Try see the forest from the tree whose bark is worse than its bite

Scientists Study the Spread of ‘Pseudo-Profound Bullshit’

We must try to see the forest from the trees whose bark is worse than their bite

Bullshit has been around for a long time – ask anyone who works at a large corporation – but these days, thanks to Facebook, it can sometimes seem like we’re swimming in it. Now not only do we get meaningless slogans and inspirational quotes at work, we log on to social media to find our friends sharing them too!

Now, psychologists at the University of Waterloo in Ontario, Canada have decided it’s time to put bullshit under the microscope

‘On the reception and detection of pseudo-profound bullshit’ is the title of a paper published in the Journal of the Society for Judgment and Decision Making.

“Although bullshit is common in everyday life and has attracted attention from philosophers, its reception (critical or ingenuous) has not, to our knowledge, been subject to empirical investigation”.

The article is notable for its use of plain language, and mentions the word ‘bullshit’ 200 times.

Bullshit is a consequential aspect of the human condition. Indeed, with the rise of communication technology, people are likely encountering more bullshit in their everyday lives than ever before.

Bullshit is worse than mere nonsense, the paper explains, since it appears to make sense syntactically, which “implies that it was constructed to communicate something”.

The article takes particular aim at Deepak Chopra, a writer who is often accused of pseudo-intellectual new-age bullshit. I was going to put quotation marks around that last phrase, but then I saw this actual tweet from Chopra:

It goes on to describe experiments in which volunteers were tested for their receptiveness to various ‘inspirational’ quotes which were, in fact, randomly generated by two bullshit-generator websites: The New Age Bullshit Generator and wisdomofchopra.com – which uses buzzwords found in Deepak Chopra’s Twitter stream, randomly recombined in a sentence.

The article acknowledges that Chopra is not the only offender:

Using vagueness or ambiguity to mask a lack of meaningfulness is surely common in political rhetoric, marketing, and even academia.

The primary purpose of the research was to develop a Bullshit Receptivity (BSR) index. A high Bullshit Receptivity score in one of the experiments was “strongly negatively correlated” with cognitive ability, the paper reports.
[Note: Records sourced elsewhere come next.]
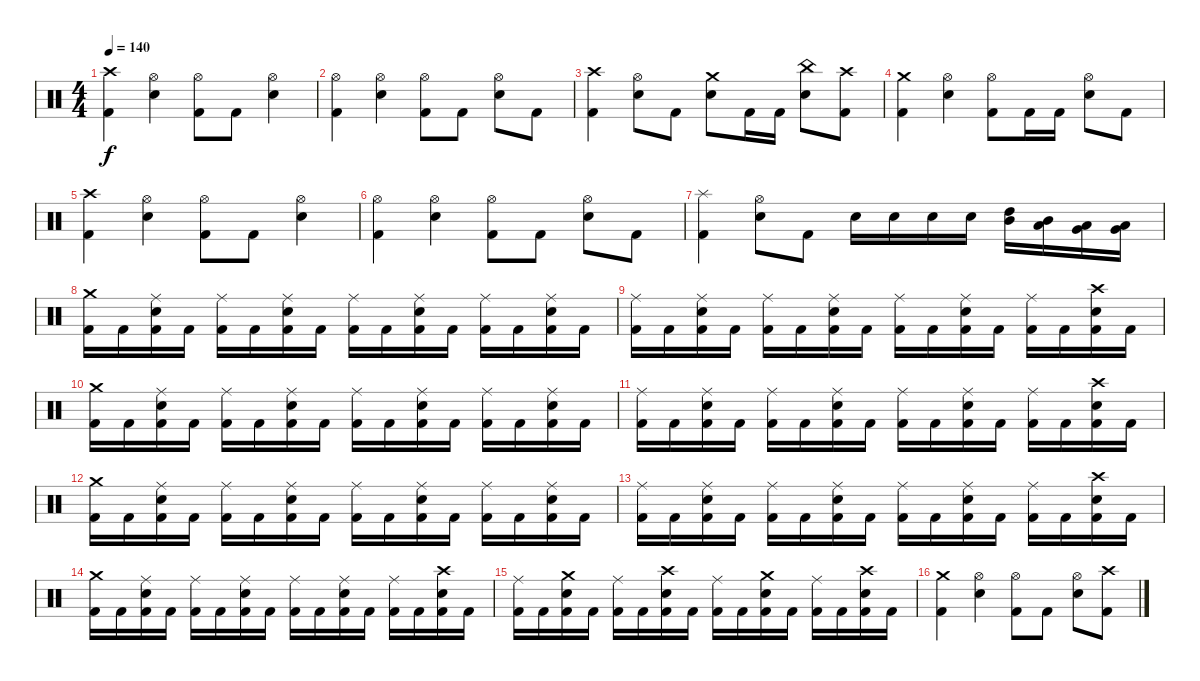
\track "" {instrument percussion}
\staff {score}
\articulation defaults
\ts (4 4)
\tempo 140
\clef neutral
\ks c
("Crash high (hit)" "Kick (hit) 2").4{dy f} ("Hi-Hat (open)" "Electric Snare (hit)").4 ("Hi-Hat (open)" "Kick (hit) 2").8 "Kick (hit) 2".8 ("Hi-Hat (open)" "Electric Snare (hit)").4 |
("Hi-Hat (open)" "Kick (hit) 2").4 ("Hi-Hat (open)" "Electric Snare (hit)").4 ("Hi-Hat (open)" "Kick (hit) 2").8 "Kick (hit) 2".8 ("Hi-Hat (open)" "Electric Snare (hit)").8 "Kick (hit) 2".8 |
("Crash high (hit)" "Kick (hit) 2").4 ("Hi-Hat (open)" "Electric Snare (hit)").8 "Kick (hit) 2".8 ("Crash medium (hit)" "Electric Snare (hit)").8 "Kick (hit) 2".16 "Kick (hit) 2".16 ("China (hit)" "Electric Snare (hit)").8 ("Crash high (hit)" "Kick (hit) 2").8 |
("Crash medium (hit)" "Kick (hit) 2").4 ("Hi-Hat (open)" "Electric Snare (hit)").4 ("Hi-Hat (open)" "Kick (hit) 2").8 "Kick (hit) 2".16 "Kick (hit) 2".16 ("Hi-Hat (open)" "Electric Snare (hit)").8 "Kick (hit) 2".8 |
("Crash high (hit)" "Kick (hit) 2").4 ("Hi-Hat (open)" "Electric Snare (hit)").4 ("Hi-Hat (open)" "Kick (hit) 2").8 "Kick (hit) 2".8 ("Hi-Hat (open)" "Electric Snare (hit)").4 |
("Hi-Hat (open)" "Kick (hit) 2").4 ("Hi-Hat (open)" "Electric Snare (hit)").4 ("Hi-Hat (open)" "Kick (hit) 2").8 "Kick (hit) 2".8 ("Hi-Hat (open)" "Electric Snare (hit)").8 "Kick (hit) 2".8 |
("Splash (hit)" "Kick (hit) 2").4 ("Hi-Hat (open)" "Electric Snare (hit)").8 "Kick (hit) 2".8 "Electric Snare (hit)".16 "Electric Snare (hit)".16 "Electric Snare (hit)".16 "Electric Snare (hit)".16 ("High Tom (hit)" "Mid Tom (hit)").16 ("Mid Tom (hit)" "Low Tom (hit)").16 ("Low Tom (hit)" "Very Low Tom (hit)").16 ("Very Low Tom (hit)" "Low Floor Tom (hit)").16 |
("Crash medium (hit)" "Kick (hit) 2").16 "Kick (hit) 2".16 ("Ride (middle)" "Electric Snare (hit)" "Kick (hit) 2").16 "Kick (hit) 2".16 ("Ride (middle)" "Kick (hit) 2").16 "Kick (hit) 2".16 ("Ride (middle)" "Electric Snare (hit)" "Kick (hit) 2").16 "Kick (hit) 2".16 ("Ride (middle)" "Kick (hit) 2").16 "Kick (hit) 2".16 ("Ride (middle)" "Electric Snare (hit)" "Kick (hit) 2").16 "Kick (hit) 2".16 ("Ride (middle)" "Kick (hit) 2").16 "Kick (hit) 2".16 ("Ride (middle)" "Electric Snare (hit)" "Kick (hit) 2").16 "Kick (hit) 2".16 |
("Ride (middle)" "Kick (hit) 2").16 "Kick (hit) 2".16 ("Ride (middle)" "Electric Snare (hit)" "Kick (hit) 2").16 "Kick (hit) 2".16 ("Ride (middle)" "Kick (hit) 2").16 "Kick (hit) 2".16 ("Ride (middle)" "Electric Snare (hit)" "Kick (hit) 2").16 "Kick (hit) 2".16 ("Ride (middle)" "Kick (hit) 2").16 "Kick (hit) 2".16 ("Ride (middle)" "Electric Snare (hit)" "Kick (hit) 2").16 "Kick (hit) 2".16 ("Ride (middle)" "Kick (hit) 2").16 "Kick (hit) 2".16 ("Crash high (hit)" "Electric Snare (hit)" "Kick (hit) 2").16 "Kick (hit) 2".16 |
("Crash medium (hit)" "Kick (hit) 2").16 "Kick (hit) 2".16 ("Ride (middle)" "Electric Snare (hit)" "Kick (hit) 2").16 "Kick (hit) 2".16 ("Ride (middle)" "Kick (hit) 2").16 "Kick (hit) 2".16 ("Ride (middle)" "Electric Snare (hit)" "Kick (hit) 2").16 "Kick (hit) 2".16 ("Ride (middle)" "Kick (hit) 2").16 "Kick (hit) 2".16 ("Ride (middle)" "Electric Snare (hit)" "Kick (hit) 2").16 "Kick (hit) 2".16 ("Ride (middle)" "Kick (hit) 2").16 "Kick (hit) 2".16 ("Ride (middle)" "Electric Snare (hit)" "Kick (hit) 2").16 "Kick (hit) 2".16 |
("Ride (middle)" "Kick (hit) 2").16 "Kick (hit) 2".16 ("Ride (middle)" "Electric Snare (hit)" "Kick (hit) 2").16 "Kick (hit) 2".16 ("Ride (middle)" "Kick (hit) 2").16 "Kick (hit) 2".16 ("Ride (middle)" "Electric Snare (hit)" "Kick (hit) 2").16 "Kick (hit) 2".16 ("Ride (middle)" "Kick (hit) 2").16 "Kick (hit) 2".16 ("Ride (middle)" "Electric Snare (hit)" "Kick (hit) 2").16 "Kick (hit) 2".16 ("Ride (middle)" "Kick (hit) 2").16 "Kick (hit) 2".16 ("Crash high (hit)" "Electric Snare (hit)" "Kick (hit) 2").16 "Kick (hit) 2".16 |
("Crash medium (hit)" "Kick (hit) 2").16 "Kick (hit) 2".16 ("Ride (middle)" "Electric Snare (hit)" "Kick (hit) 2").16 "Kick (hit) 2".16 ("Ride (middle)" "Kick (hit) 2").16 "Kick (hit) 2".16 ("Ride (middle)" "Electric Snare (hit)" "Kick (hit) 2").16 "Kick (hit) 2".16 ("Ride (middle)" "Kick (hit) 2").16 "Kick (hit) 2".16 ("Ride (middle)" "Electric Snare (hit)" "Kick (hit) 2").16 "Kick (hit) 2".16 ("Ride (middle)" "Kick (hit) 2").16 "Kick (hit) 2".16 ("Ride (middle)" "Electric Snare (hit)" "Kick (hit) 2").16 "Kick (hit) 2".16 |
("Ride (middle)" "Kick (hit) 2").16 "Kick (hit) 2".16 ("Ride (middle)" "Electric Snare (hit)" "Kick (hit) 2").16 "Kick (hit) 2".16 ("Ride (middle)" "Kick (hit) 2").16 "Kick (hit) 2".16 ("Ride (middle)" "Electric Snare (hit)" "Kick (hit) 2").16 "Kick (hit) 2".16 ("Ride (middle)" "Kick (hit) 2").16 "Kick (hit) 2".16 ("Ride (middle)" "Electric Snare (hit)" "Kick (hit) 2").16 "Kick (hit) 2".16 ("Ride (middle)" "Kick (hit) 2").16 "Kick (hit) 2".16 ("Crash high (hit)" "Electric Snare (hit)" "Kick (hit) 2").16 "Kick (hit) 2".16 |
("Crash medium (hit)" "Kick (hit) 2").16 "Kick (hit) 2".16 ("Ride (middle)" "Electric Snare (hit)" "Kick (hit) 2").16 "Kick (hit) 2".16 ("Ride (middle)" "Kick (hit) 2").16 "Kick (hit) 2".16 ("Ride (middle)" "Electric Snare (hit)" "Kick (hit) 2").16 "Kick (hit) 2".16 ("Ride (middle)" "Kick (hit) 2").16 "Kick (hit) 2".16 ("Ride (middle)" "Electric Snare (hit)" "Kick (hit) 2").16 "Kick (hit) 2".16 ("Ride (middle)" "Kick (hit) 2").16 "Kick (hit) 2".16 ("Crash high (hit)" "Electric Snare (hit)" "Kick (hit) 2").16 "Kick (hit) 2".16 |
("Ride (middle)" "Kick (hit) 2").16 "Kick (hit) 2".16 ("Crash medium (hit)" "Electric Snare (hit)" "Kick (hit) 2").16 "Kick (hit) 2".16 ("Ride (middle)" "Kick (hit) 2").16 "Kick (hit) 2".16 ("Crash high (hit)" "Electric Snare (hit)" "Kick (hit) 2").16 "Kick (hit) 2".16 ("Ride (middle)" "Kick (hit) 2").16 "Kick (hit) 2".16 ("Crash medium (hit)" "Electric Snare (hit)" "Kick (hit) 2").16 "Kick (hit) 2".16 ("Ride (middle)" "Kick (hit) 2").16 "Kick (hit) 2".16 ("Crash high (hit)" "Electric Snare (hit)" "Kick (hit) 2").16 "Kick (hit) 2".16 |
("Crash medium (hit)" "Kick (hit) 2").4 ("Hi-Hat (open)" "Electric Snare (hit)").4 ("Hi-Hat (open)" "Kick (hit) 2").8 "Kick (hit) 2".8 ("Hi-Hat (open)" "Electric Snare (hit)").8 ("Crash high (hit)" "Kick (hit) 2").8
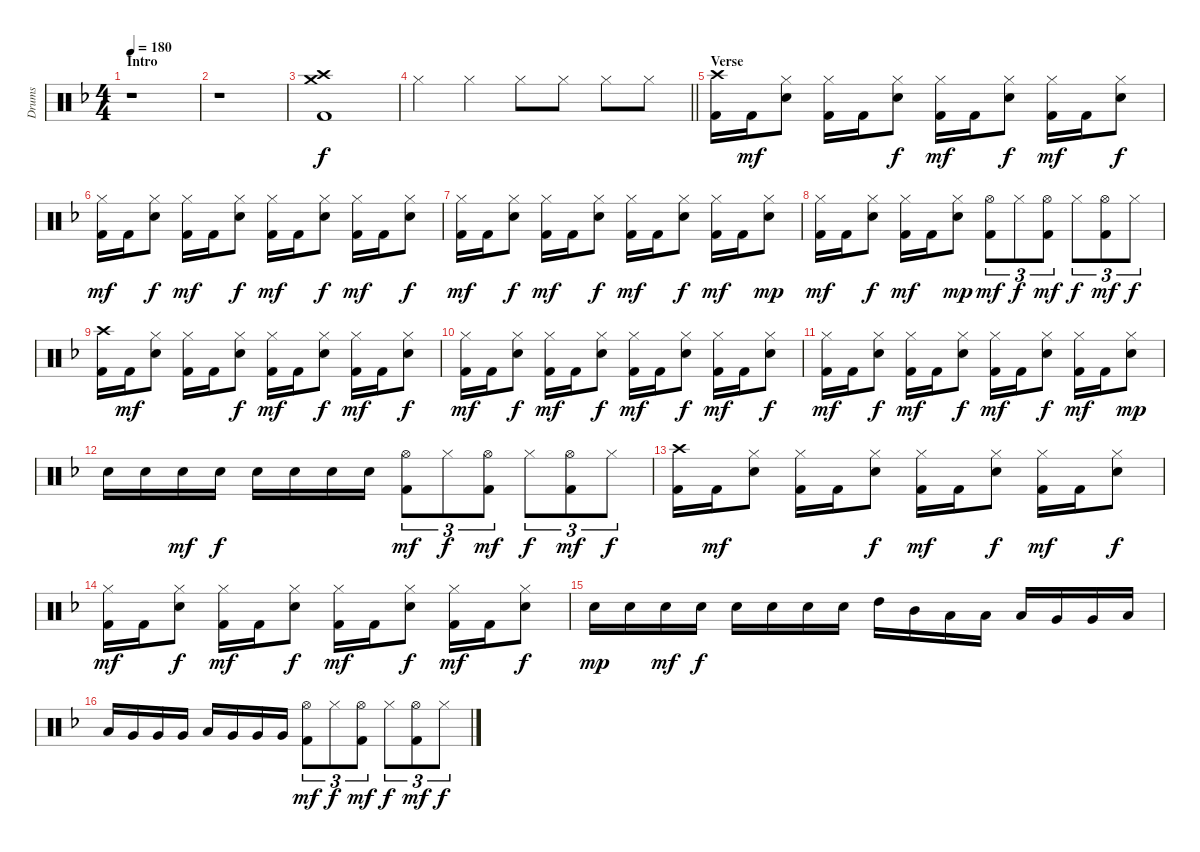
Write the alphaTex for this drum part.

\track ("Drums" "Drums") {instrument percussion}
\staff {score}
\articulation defaults
\ts (4 4)
\section ("" "Intro")
\tempo 180
\clef neutral
\ks f
r.1{dy f} |
r.1 |
("Crash high (hit)" "Crash medium (hit)" "Kick (hit) 2").1 |
\barLineRight lightlight "Hi-Hat (closed)".4 "Hi-Hat (closed)".4 "Hi-Hat (closed)".8 "Hi-Hat (closed)".8 "Hi-Hat (closed)".8 "Hi-Hat (closed)".8
|
\section ("" "Verse")
("Crash high (hit)" "Kick (hit) 2").16 "Kick (hit) 2".16{dy mf} ("Hi-Hat (closed)" "Snare (hit) 2").8 ("Hi-Hat (closed)" "Kick (hit) 2").16 "Kick (hit) 2".16 ("Hi-Hat (closed)" "Snare (hit) 2").8{dy f} ("Hi-Hat (closed)" "Kick (hit) 2").16{dy mf} "Kick (hit) 2".16 ("Hi-Hat (closed)" "Snare (hit) 2").8{dy f} ("Hi-Hat (closed)" "Kick (hit) 2").16{dy mf} "Kick (hit) 2".16 ("Hi-Hat (closed)" "Snare (hit) 2").8{dy f} |
("Hi-Hat (closed)" "Kick (hit) 2").16{dy mf} "Kick (hit) 2".16 ("Hi-Hat (closed)" "Snare (hit) 2").8{dy f} ("Hi-Hat (closed)" "Kick (hit) 2").16{dy mf} "Kick (hit) 2".16 ("Hi-Hat (closed)" "Snare (hit) 2").8{dy f} ("Hi-Hat (closed)" "Kick (hit) 2").16{dy mf} "Kick (hit) 2".16 ("Hi-Hat (closed)" "Snare (hit) 2").8{dy f} ("Hi-Hat (closed)" "Kick (hit) 2").16{dy mf} "Kick (hit) 2".16 ("Hi-Hat (closed)" "Snare (hit) 2").8{dy f} |
("Hi-Hat (closed)" "Kick (hit) 2").16{dy mf} "Kick (hit) 2".16 ("Hi-Hat (closed)" "Snare (hit) 2").8{dy f} ("Hi-Hat (closed)" "Kick (hit) 2").16{dy mf} "Kick (hit) 2".16 ("Hi-Hat (closed)" "Snare (hit) 2").8{dy f} ("Hi-Hat (closed)" "Kick (hit) 2").16{dy mf} "Kick (hit) 2".16 ("Hi-Hat (closed)" "Snare (hit) 2").8{dy f} ("Hi-Hat (closed)" "Kick (hit) 2").16{dy mf} "Kick (hit) 2".16 ("Hi-Hat (closed)" "Snare (hit) 2").8{dy mp} |
("Hi-Hat (closed)" "Kick (hit) 2").16{dy mf} "Kick (hit) 2".16 ("Hi-Hat (closed)" "Snare (hit) 2").8{dy f} ("Hi-Hat (closed)" "Kick (hit) 2").16{dy mf} "Kick (hit) 2".16 ("Hi-Hat (closed)" "Snare (hit) 2").8{dy mp} ("Hi-Hat (open)" "Kick (hit) 2").8{tu (3 2) dy mf} "Hi-Hat (closed)".8{tu (3 2) dy f} ("Hi-Hat (open)" "Kick (hit) 2").8{tu (3 2) dy mf} "Hi-Hat (closed)".8{tu (3 2) dy f} ("Hi-Hat (open)" "Kick (hit) 2").8{tu (3 2) dy mf} "Hi-Hat (closed)".8{tu (3 2) dy f} |
("Crash high (hit)" "Kick (hit) 2").16 "Kick (hit) 2".16{dy mf} ("Hi-Hat (closed)" "Snare (hit) 2").8 ("Hi-Hat (closed)" "Kick (hit) 2").16 "Kick (hit) 2".16 ("Hi-Hat (closed)" "Snare (hit) 2").8{dy f} ("Hi-Hat (closed)" "Kick (hit) 2").16{dy mf} "Kick (hit) 2".16 ("Hi-Hat (closed)" "Snare (hit) 2").8{dy f} ("Hi-Hat (closed)" "Kick (hit) 2").16{dy mf} "Kick (hit) 2".16 ("Hi-Hat (closed)" "Snare (hit) 2").8{dy f} |
("Hi-Hat (closed)" "Kick (hit) 2").16{dy mf} "Kick (hit) 2".16 ("Hi-Hat (closed)" "Snare (hit) 2").8{dy f} ("Hi-Hat (closed)" "Kick (hit) 2").16{dy mf} "Kick (hit) 2".16 ("Hi-Hat (closed)" "Snare (hit) 2").8{dy f} ("Hi-Hat (closed)" "Kick (hit) 2").16{dy mf} "Kick (hit) 2".16 ("Hi-Hat (closed)" "Snare (hit) 2").8{dy f} ("Hi-Hat (closed)" "Kick (hit) 2").16{dy mf} "Kick (hit) 2".16 ("Hi-Hat (closed)" "Snare (hit) 2").8{dy f} |
("Hi-Hat (closed)" "Kick (hit) 2").16{dy mf} "Kick (hit) 2".16 ("Hi-Hat (closed)" "Snare (hit) 2").8{dy f} ("Hi-Hat (closed)" "Kick (hit) 2").16{dy mf} "Kick (hit) 2".16 ("Hi-Hat (closed)" "Snare (hit) 2").8{dy f} ("Hi-Hat (closed)" "Kick (hit) 2").16{dy mf} "Kick (hit) 2".16 ("Hi-Hat (closed)" "Snare (hit) 2").8{dy f} ("Hi-Hat (closed)" "Kick (hit) 2").16{dy mf} "Kick (hit) 2".16 ("Hi-Hat (closed)" "Snare (hit) 2").8{dy mp} |
"Snare (hit) 2".16 "Snare (hit) 2".16 "Snare (hit) 2".16{dy mf} "Snare (hit) 2".16{dy f} "Snare (hit) 2".16 "Snare (hit) 2".16 "Snare (hit) 2".16 "Snare (hit) 2".16 ("Hi-Hat (open)" "Kick (hit) 2").8{tu (3 2) dy mf} "Hi-Hat (closed)".8{tu (3 2) dy f} ("Hi-Hat (open)" "Kick (hit) 2").8{tu (3 2) dy mf} "Hi-Hat (closed)".8{tu (3 2) dy f} ("Hi-Hat (open)" "Kick (hit) 2").8{tu (3 2) dy mf} "Hi-Hat (closed)".8{tu (3 2) dy f} |
("Crash high (hit)" "Kick (hit) 2").16 "Kick (hit) 2".16{dy mf} ("Hi-Hat (closed)" "Snare (hit) 2").8 ("Hi-Hat (closed)" "Kick (hit) 2").16 "Kick (hit) 2".16 ("Hi-Hat (closed)" "Snare (hit) 2").8{dy f} ("Hi-Hat (closed)" "Kick (hit) 2").16{dy mf} "Kick (hit) 2".16 ("Hi-Hat (closed)" "Snare (hit) 2").8{dy f} ("Hi-Hat (closed)" "Kick (hit) 2").16{dy mf} "Kick (hit) 2".16 ("Hi-Hat (closed)" "Snare (hit) 2").8{dy f} |
("Hi-Hat (closed)" "Kick (hit) 2").16{dy mf} "Kick (hit) 2".16 ("Hi-Hat (closed)" "Snare (hit) 2").8{dy f} ("Hi-Hat (closed)" "Kick (hit) 2").16{dy mf} "Kick (hit) 2".16 ("Hi-Hat (closed)" "Snare (hit) 2").8{dy f} ("Hi-Hat (closed)" "Kick (hit) 2").16{dy mf} "Kick (hit) 2".16 ("Hi-Hat (closed)" "Snare (hit) 2").8{dy f} ("Hi-Hat (closed)" "Kick (hit) 2").16{dy mf} "Kick (hit) 2".16 ("Hi-Hat (closed)" "Snare (hit) 2").8{dy f} |
"Snare (hit) 2".16{dy mp} "Snare (hit) 2".16 "Snare (hit) 2".16{dy mf} "Snare (hit) 2".16{dy f} "Snare (hit) 2".16 "Snare (hit) 2".16 "Snare (hit) 2".16 "Snare (hit) 2".16 "High Tom (hit)".16 "Mid Tom (hit)".16 "Low Tom (hit)".16 "Low Tom (hit)".16 "Low Tom (hit)".16 "Very Low Tom (hit)".16 "Very Low Tom (hit)".16 "Low Tom (hit)".16 |
"Low Tom (hit)".16 "Very Low Tom (hit)".16 "Very Low Tom (hit)".16 "Very Low Tom (hit)".16 "Low Tom (hit)".16 "Very Low Tom (hit)".16 "Very Low Tom (hit)".16 "Very Low Tom (hit)".16 ("Hi-Hat (open)" "Kick (hit) 2").8{tu (3 2) dy mf} "Hi-Hat (closed)".8{tu (3 2) dy f} ("Hi-Hat (open)" "Kick (hit) 2").8{tu (3 2) dy mf} "Hi-Hat (closed)".8{tu (3 2) dy f} ("Hi-Hat (open)" "Kick (hit) 2").8{tu (3 2) dy mf} "Hi-Hat (closed)".8{tu (3 2) dy f}

The authors propose psychological rationales for humans apparent receptivity to bullshit, and conclude that “bullshit is a consequential aspect of the human condition”. Unusually for an academic paper, there’s a current of humour throughout – perhaps even a touch of snark!

That people vary in their receptivity toward bullshit is perhaps less surprising than the fact that psychological scientists have heretofore neglected this issue. Accordingly, although this manuscript may not be truly profound, it is indeed meaningful.